### Work to complete
Report every line below that holds the word "listed".

### Data
........

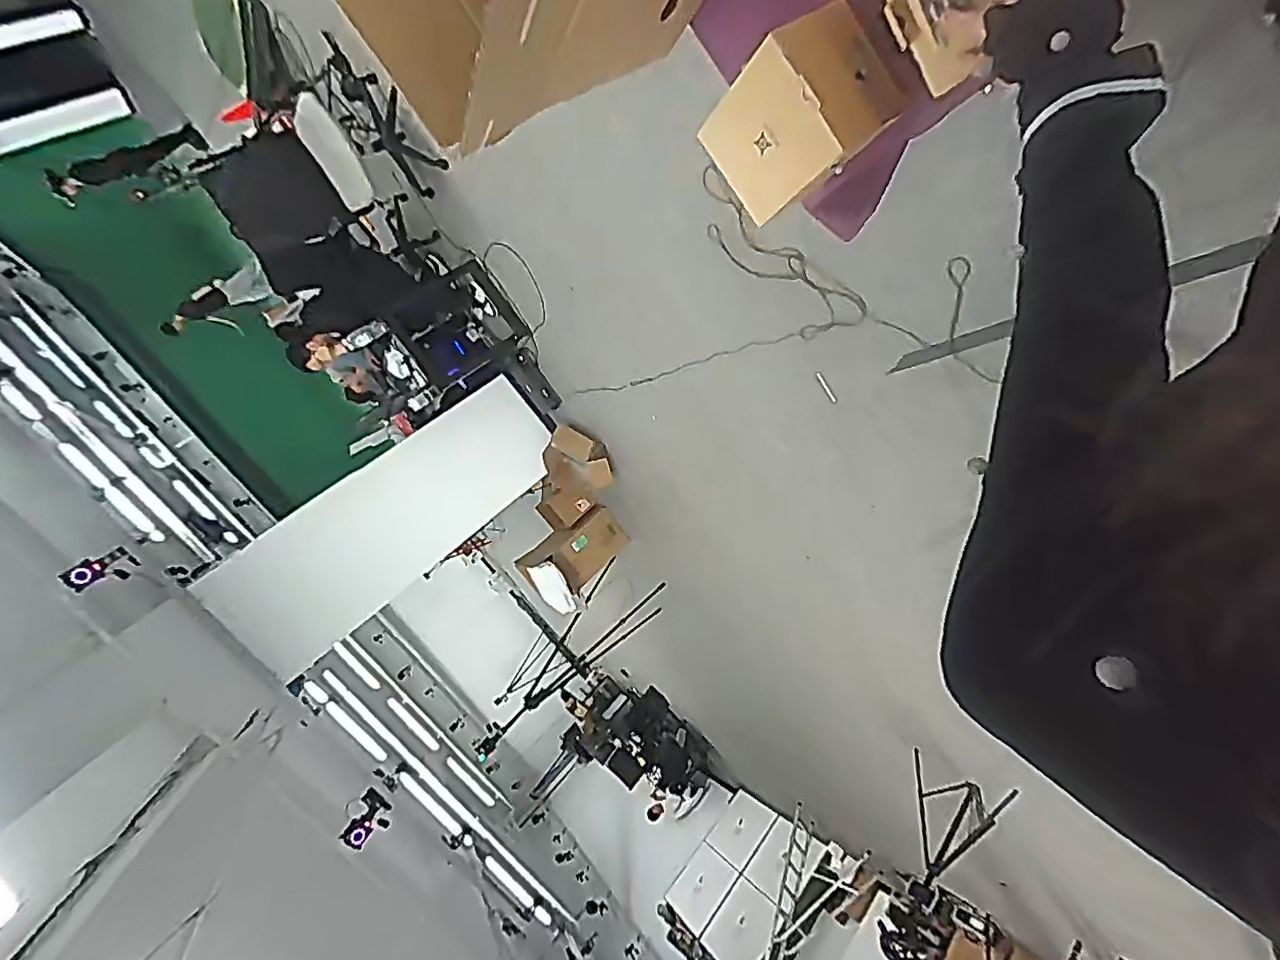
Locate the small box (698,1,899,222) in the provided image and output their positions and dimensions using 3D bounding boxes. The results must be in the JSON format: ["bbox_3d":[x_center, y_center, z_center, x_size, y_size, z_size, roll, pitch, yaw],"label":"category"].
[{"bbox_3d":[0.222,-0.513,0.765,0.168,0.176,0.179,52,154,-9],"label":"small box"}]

........

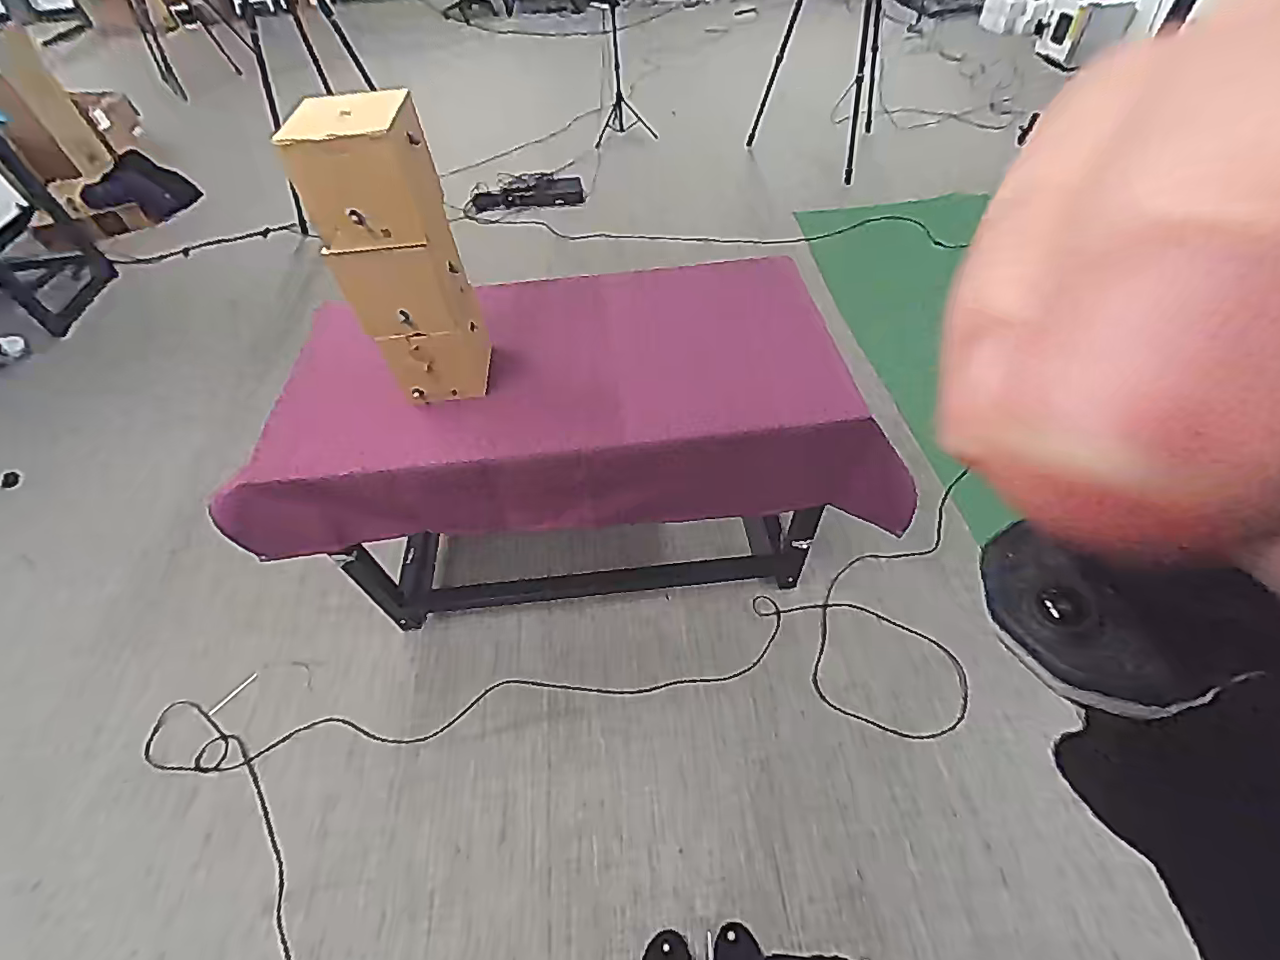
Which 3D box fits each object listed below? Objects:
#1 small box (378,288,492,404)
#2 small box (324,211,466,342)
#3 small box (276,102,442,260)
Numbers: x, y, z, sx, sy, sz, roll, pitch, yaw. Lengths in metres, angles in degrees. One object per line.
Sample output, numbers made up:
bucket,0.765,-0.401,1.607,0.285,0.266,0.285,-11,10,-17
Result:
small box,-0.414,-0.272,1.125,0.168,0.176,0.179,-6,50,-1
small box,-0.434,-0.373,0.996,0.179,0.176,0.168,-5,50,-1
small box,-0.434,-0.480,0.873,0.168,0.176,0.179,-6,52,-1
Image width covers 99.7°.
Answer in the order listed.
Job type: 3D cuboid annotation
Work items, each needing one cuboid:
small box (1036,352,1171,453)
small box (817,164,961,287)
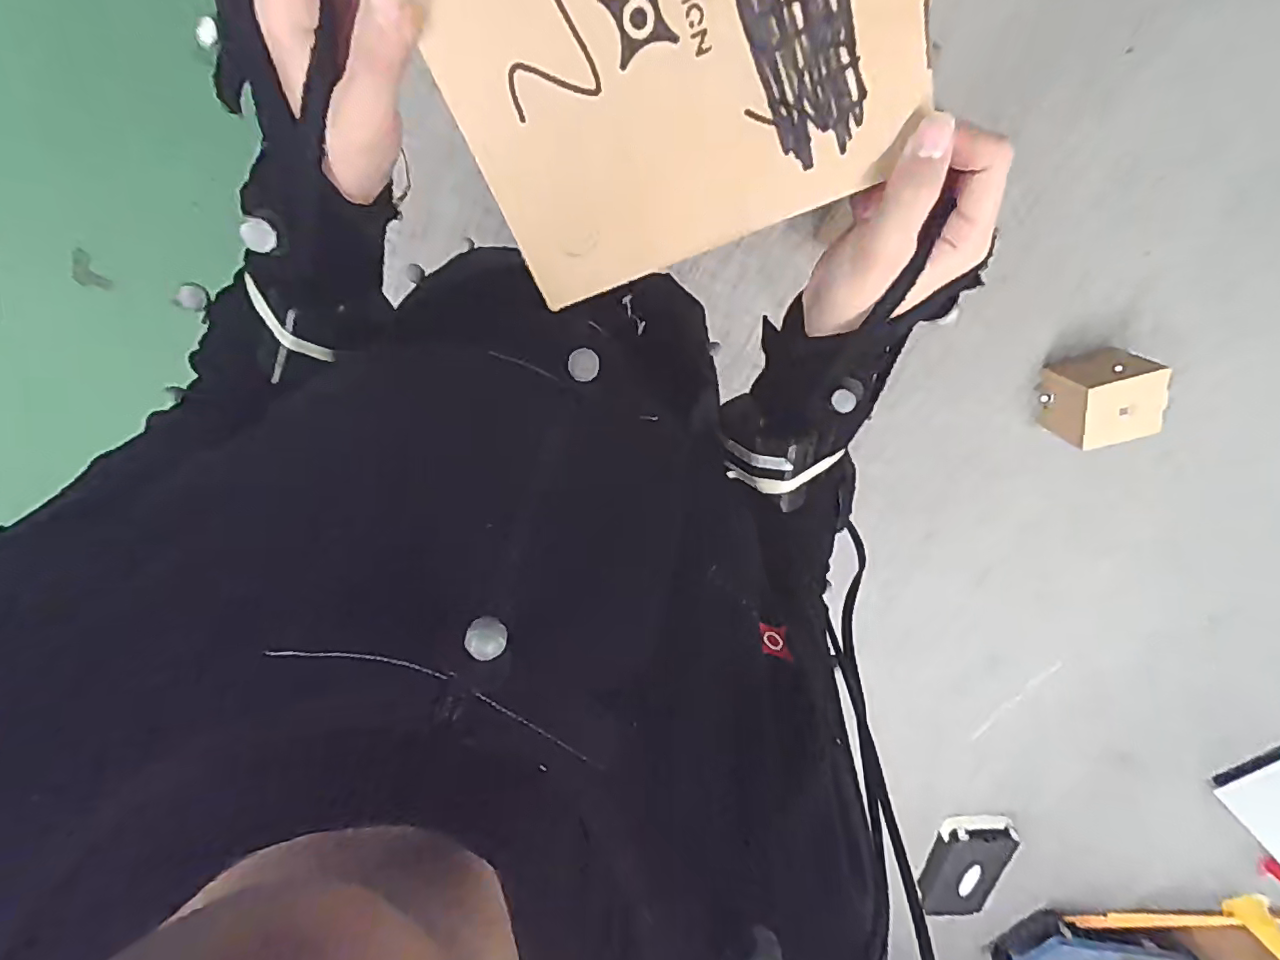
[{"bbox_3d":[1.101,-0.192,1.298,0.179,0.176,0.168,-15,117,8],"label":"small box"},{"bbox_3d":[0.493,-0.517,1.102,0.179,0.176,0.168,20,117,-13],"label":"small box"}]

........

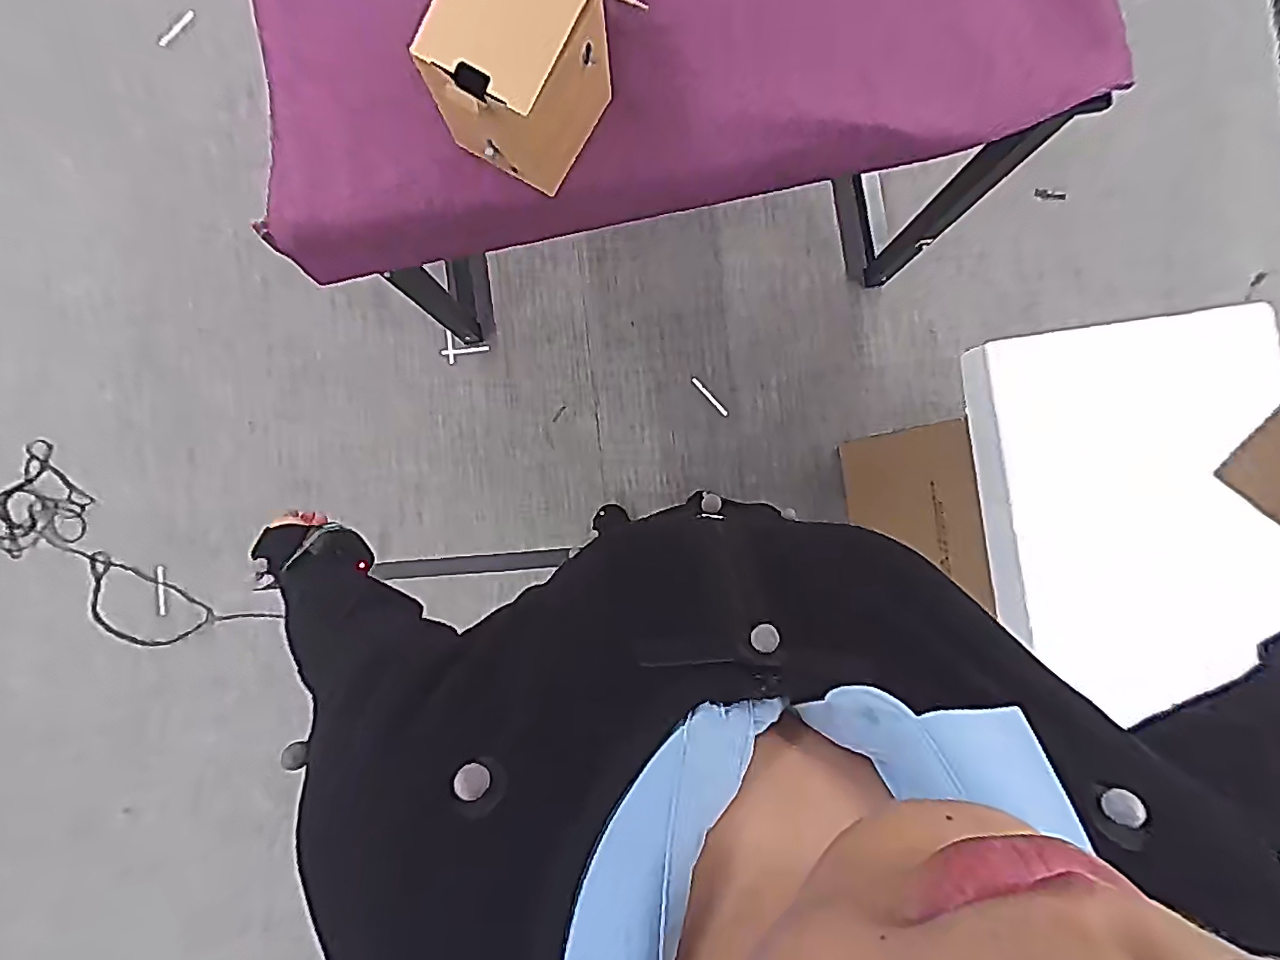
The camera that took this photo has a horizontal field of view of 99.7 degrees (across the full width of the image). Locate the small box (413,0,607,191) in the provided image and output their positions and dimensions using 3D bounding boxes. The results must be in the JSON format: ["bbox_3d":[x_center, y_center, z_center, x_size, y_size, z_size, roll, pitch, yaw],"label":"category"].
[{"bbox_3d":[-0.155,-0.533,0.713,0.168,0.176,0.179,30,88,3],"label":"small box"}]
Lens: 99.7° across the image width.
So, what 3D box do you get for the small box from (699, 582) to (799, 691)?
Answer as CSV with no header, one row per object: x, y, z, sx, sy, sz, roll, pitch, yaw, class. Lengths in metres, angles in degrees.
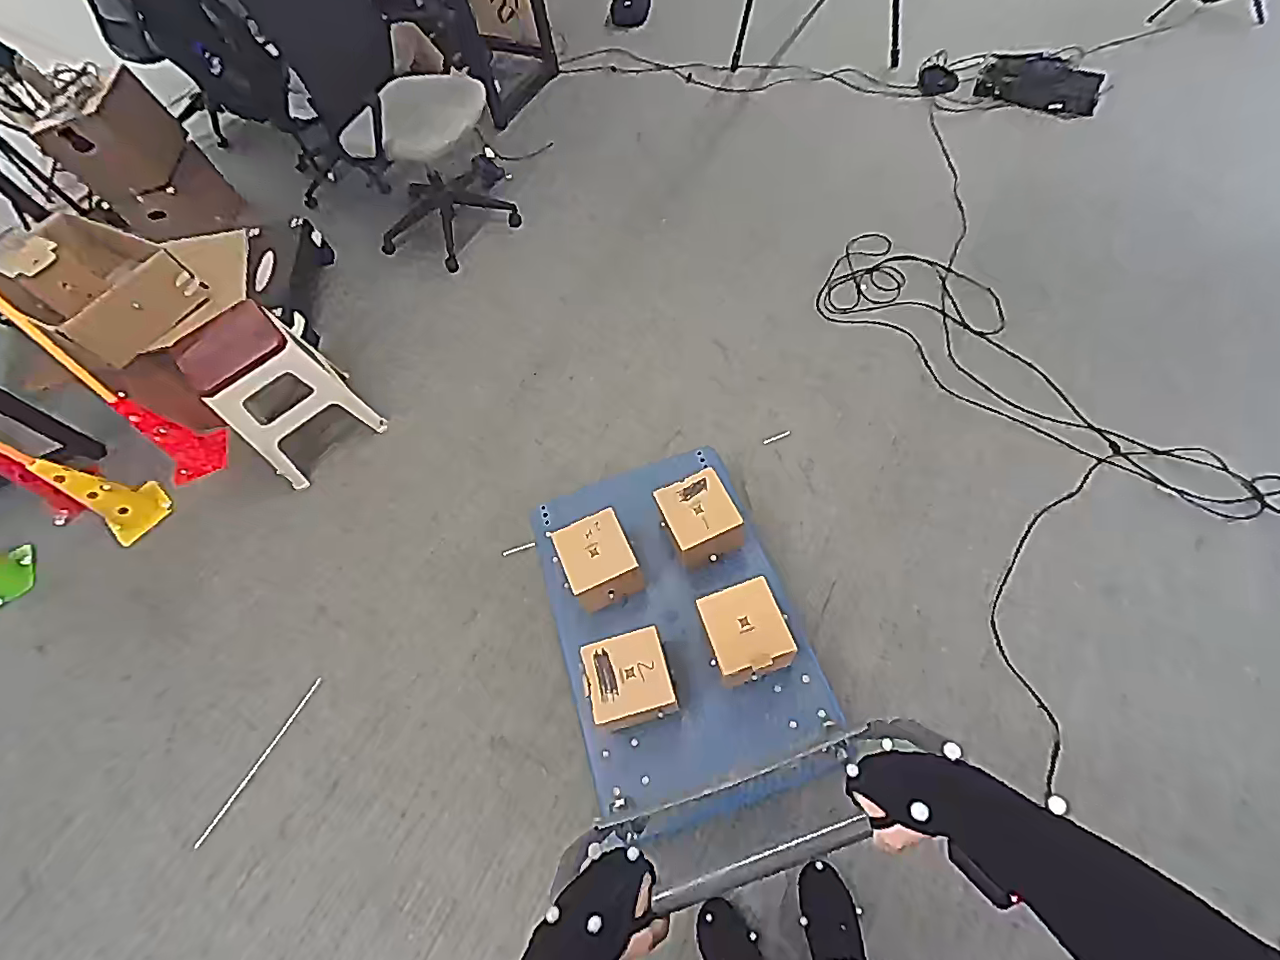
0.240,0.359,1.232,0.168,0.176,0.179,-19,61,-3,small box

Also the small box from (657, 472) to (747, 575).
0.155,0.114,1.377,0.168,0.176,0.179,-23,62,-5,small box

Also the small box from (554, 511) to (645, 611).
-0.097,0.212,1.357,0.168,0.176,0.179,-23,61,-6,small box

........

### Exercise output
Which 3D box fits each object listed below? Objects:
Answer in the order listed.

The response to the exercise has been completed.